Savath & Savalas, c'est avant tout une histoire de rencontres. Celles d'artistes d'abord. Entre le producteur
Guillermo Scott Herren et
Eva Puyuelo Muns, chanteuse hispanophone, ce qui donnera
Apropa't et la ligne directrice du troisième
Golden Pollen.
Puis il y a l'arrivée au sein du duo de l'Equatorien
Roberto Carlos Lange, un multi-instrumentiste féru de psychédélisme tropicaliste déjà croisé avec son groupe
Boom & Birds, aux côtés de
Cyne (
Pretty Dark Things sorti en 2008) et sur quelques disques récents de
Herren sous la bannière
Prefuse 73 (Preparations/Interregnums, le 12" The Class of 73 Bells avec les School of Seven Bells et le dernier en date Everything She Touched Turned Ampexian). Un ménage à trois qui donne aujourd'hui La Llama signé une fois de plus sur un nouveau label : après Warp, et
Anti-, c'est chez la non moins prestigieuse maison de disques de
Madlib,
Stones Throw.
Mais c'est aussi la rencontre avec une musique, l'acid folk catalan des années 70. Une musique que
Savath & Savalas n'a eu de cesse d'explorer, de triturer, d'extrapoler.

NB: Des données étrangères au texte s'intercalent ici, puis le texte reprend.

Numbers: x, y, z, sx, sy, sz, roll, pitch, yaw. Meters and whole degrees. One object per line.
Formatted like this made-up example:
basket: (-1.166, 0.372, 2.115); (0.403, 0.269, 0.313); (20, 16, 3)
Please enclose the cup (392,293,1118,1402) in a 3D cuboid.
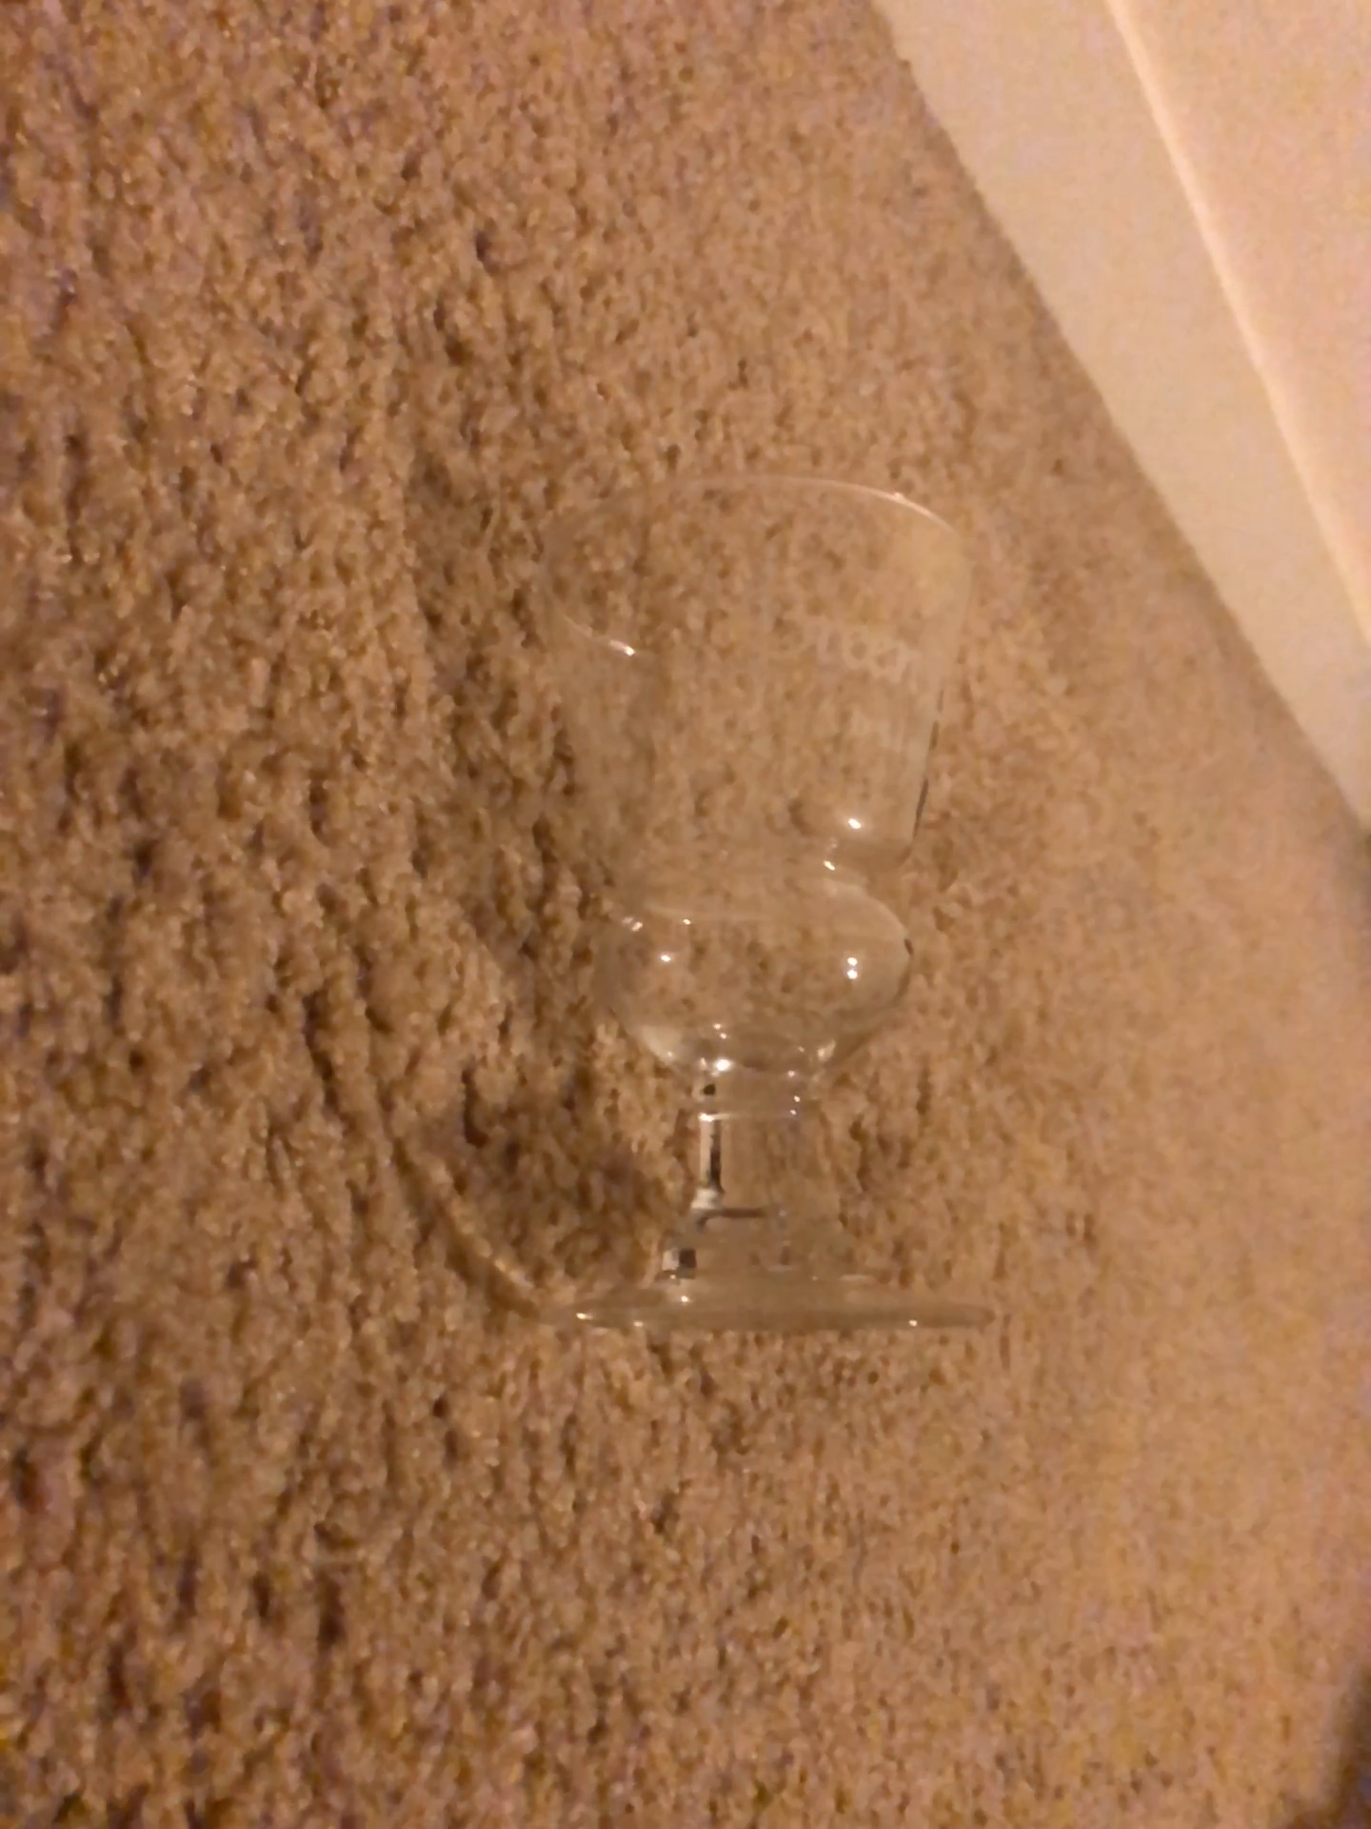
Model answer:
cup: (0.012, -0.002, 0.269); (0.095, 0.078, 0.157); (16, 66, -55)

Reprenant les investigations où ils les avaient laissées, le trio pousse encore un peu plus loin le curseur psychotrope. Enregistré en vase clos dans l'appartement New-Yorkais de
Guillermo - une situation qui va donner cette production étouffée - ces seize titres sont le croisement d'une étude approfondie d'ouvrages de divers artistes catalans (
Juan Manuel Serrat,
Maria Del Mar Bonnet ou
Lluis Serrahima) et d'un goût affirmé pour l'expérimentation.
Le résultat est un disque au goût boisé d'artisanat, lumineux et empreint d'une profonde nostalgie. Un objet sonore tout aussi singulier que les précédents, où la voix de cristal pilé d'
Eva se fait plus prégnante, celle de
Scott plus sporadique. Un choix qui tend à écraser quelque peu l'ensemble, le teintant d'une sourde monochromie, une sensation de monotonie rampante qui, dans le temps, détourne parfois l'écoute, la mettant en stand-by.
Une impression toute relative grâce évidemment à la portée fantasmatique de la vocaliste qui garde son effet ensorcelant (la berceuse psyché
Barceloneta ou le post-rockeux
Me Voy sont littéralement à tomber). Mais aussi, et surtout, grâce au regard nouveau apporté par
Lange, qui en véritable "fusionnaire" parvient à merveille par petites touches circonspects à sculpter la matière sonore protéiforme mise à sa disposition (le frénétique
Una Cura qu'un
Verocai n'aurait pas renié). Il lui donne ces contours flottants, imprécis qui vous poussent à entrer dans le morceau, à l'inverse de la voix de
Muns qui vous en extrait gentiment (les effu(zz)ions de guitares distordues sur
Carajillo ont cette force attractive).
Globalement l'amalgame, malgré ses petits défauts, prend assez bien et ce brassage d'électronique, de chants voilés, de bruits bricolés et de grattes sèches confère à
La Llama des atours de minimalisme psychédélique à haute teneur poétique.
Apaisant autant qu'érudit, ce disque enfin, nous rappelle à quel point
Guillermo Scott Herren est un personnage à part. Un artiste qui au-delà de sa notoriété et de sa boulimie musicale (pas moins de trois sorties en long format ce semestre sous différents pseudo
Prefuse 73,
Diamond Watch Wrists avec le batteur
Zach Hill et celle-ci) est capable de se mettre totalement au service d'un projet, faisant fi de son égo et de toutes contingences commerciales.
Si on avait encore des doutes à ce sujet, ce dernier opus les a levés, tant il respire l'humilité. Pourvu que ça dure.